How expensive was it to get the antenna installed? I am not sure exactly how to do it myself.


----------



## liferules (Aug 14, 2005)

SThacker said:


> Rogueone,
> 
> How expensive was it to get the antenna installed? I am not sure exactly how to do it myself.


I had looked around the DFW area for antenna installation and received bids in the $200-300 area. I then went to Circuit City and they said they would install any antenna's purchases there for $70-80. You may want to talk to them...I believe they carry Winegard...


----------



## lujan (Feb 10, 2004)

liferules said:


> I had looked around the DFW area for antenna installation and received bids in the $200-300 area. I then went to Circuit City and they said they would install any antenna's purchases there for $70-80. You may want to talk to them...I believe they carry Winegard...
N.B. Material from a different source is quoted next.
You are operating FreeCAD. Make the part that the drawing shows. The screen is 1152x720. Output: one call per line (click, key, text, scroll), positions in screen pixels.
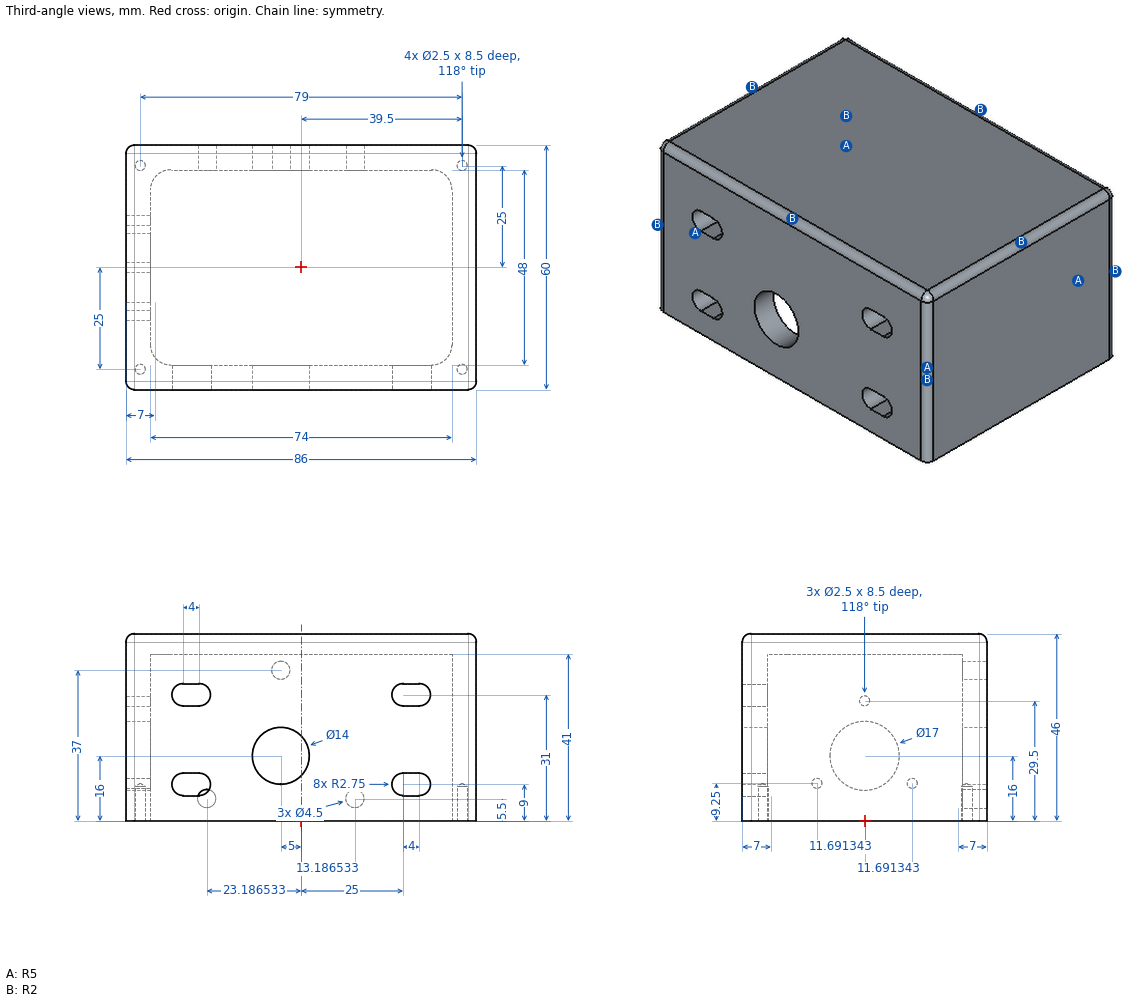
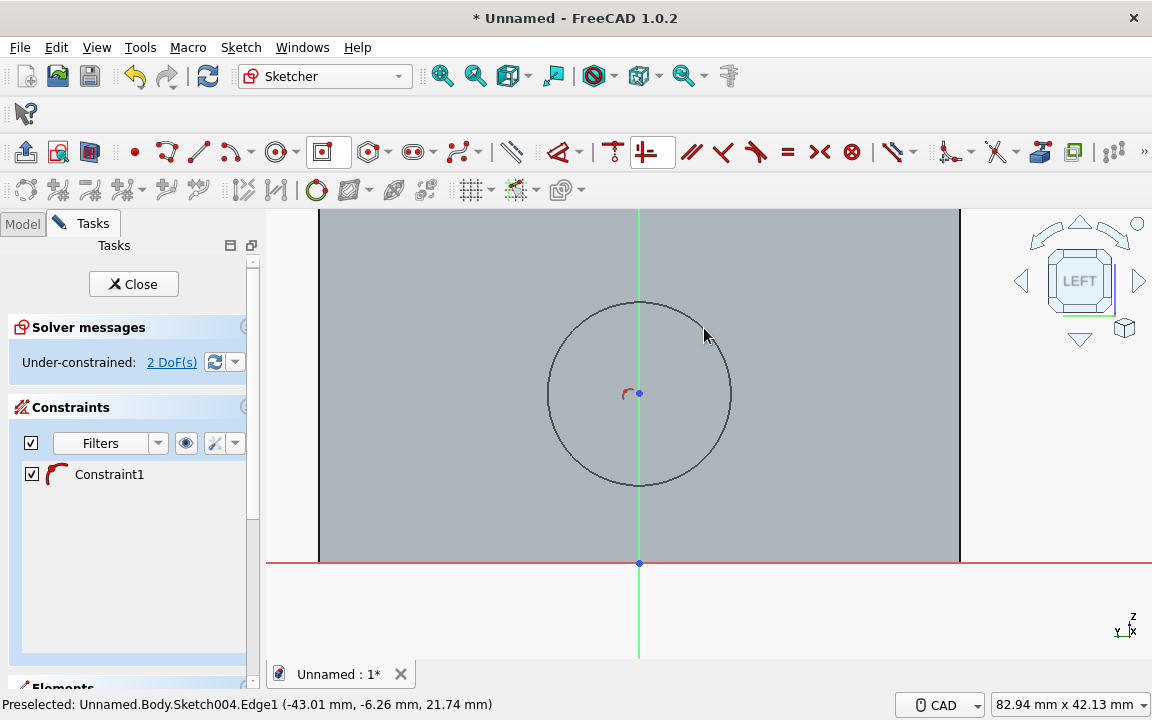
key(d)

$200-300? I guess I got a good deal for $150 two years ago and this included the antenna.


----------



## oljim (Aug 6, 2002)

Just make sure you do not get stuck with a over priced TERK ant.


----------



## SThacker (May 24, 2005)

oljim said:


> Just make sure you do not get stuck with a over priced TERK ant.


Thanks for the info


----------



## harsh (Jun 15, 2003)

oljim said:


> When all your stations are from 40 to 71 miles you will find out how they reduce signal


Everyone's situation is different. I'm located about 50alm from the broadcast towers in Portland, Oregon and I'm pegged on two of the eight digitals after splitting three ways off of a $60 Radio Shack VHF/UHF/FM rooftop antenna (model VU-90). The rest are consistently 95-115 on the 921's 125 scale.

The insertion loss of a good diplexer isn't substantially worse than that of a 2-way splitter. Remember also that both the good and the bad signals are attenuated similarly, to the net signal stays pretty good.


----------



## larrymadison (May 5, 2006)

if you do a scan in setup and establish good local digital signals, why would anyone want to pay 5 bucks for dish network locals?


----------



## lujan (Feb 10, 2004)

larrymadison said:


> if you do a scan in setup and establish good local digital signals, why would anyone want to pay 5 bucks for dish network locals?


To be able to record two HD local stations at the same time. I can't think of any other reason.


----------



## wingnut1 (Nov 10, 2005)

larrymadison said:


> if you do a scan in setup and establish good local digital signals, why would anyone want to pay 5 bucks for dish network locals?


So that you can get the local guide information and use name based recording. If you are getting HD locals from Dish you could also record up to three HD local programs at the same time.


----------



## madbrain (Dec 10, 2004)

lujan said:


> To be able to record two HD local stations at the same time. I can't think of any other reason.


I can think of one more.

We have a PBS station here in the SF Bay area, KQED, that broadcasts all its new programming in ... SD analog only ! It broadcasts in digital too, including one HD channels and 4 subchannels, but it has different programming there, and it's always reruns. The news on the digital channel is always oldies , at least by a few hours.

The 622 doesn't have an analog tuner, so it can't receive that new PBS programming ... Even my 921 which has an analog OTA tuner can only tune it, but not record. Also, my antenna gets the digital PBS channel perfectly, but that PBS OTA channel has an incredible amount of snow that makes it unwatchable... So, paying Dish the $5/month for the LIL is the only way I can watch and record the supposedly "free" new KQED programming. sigh !


----------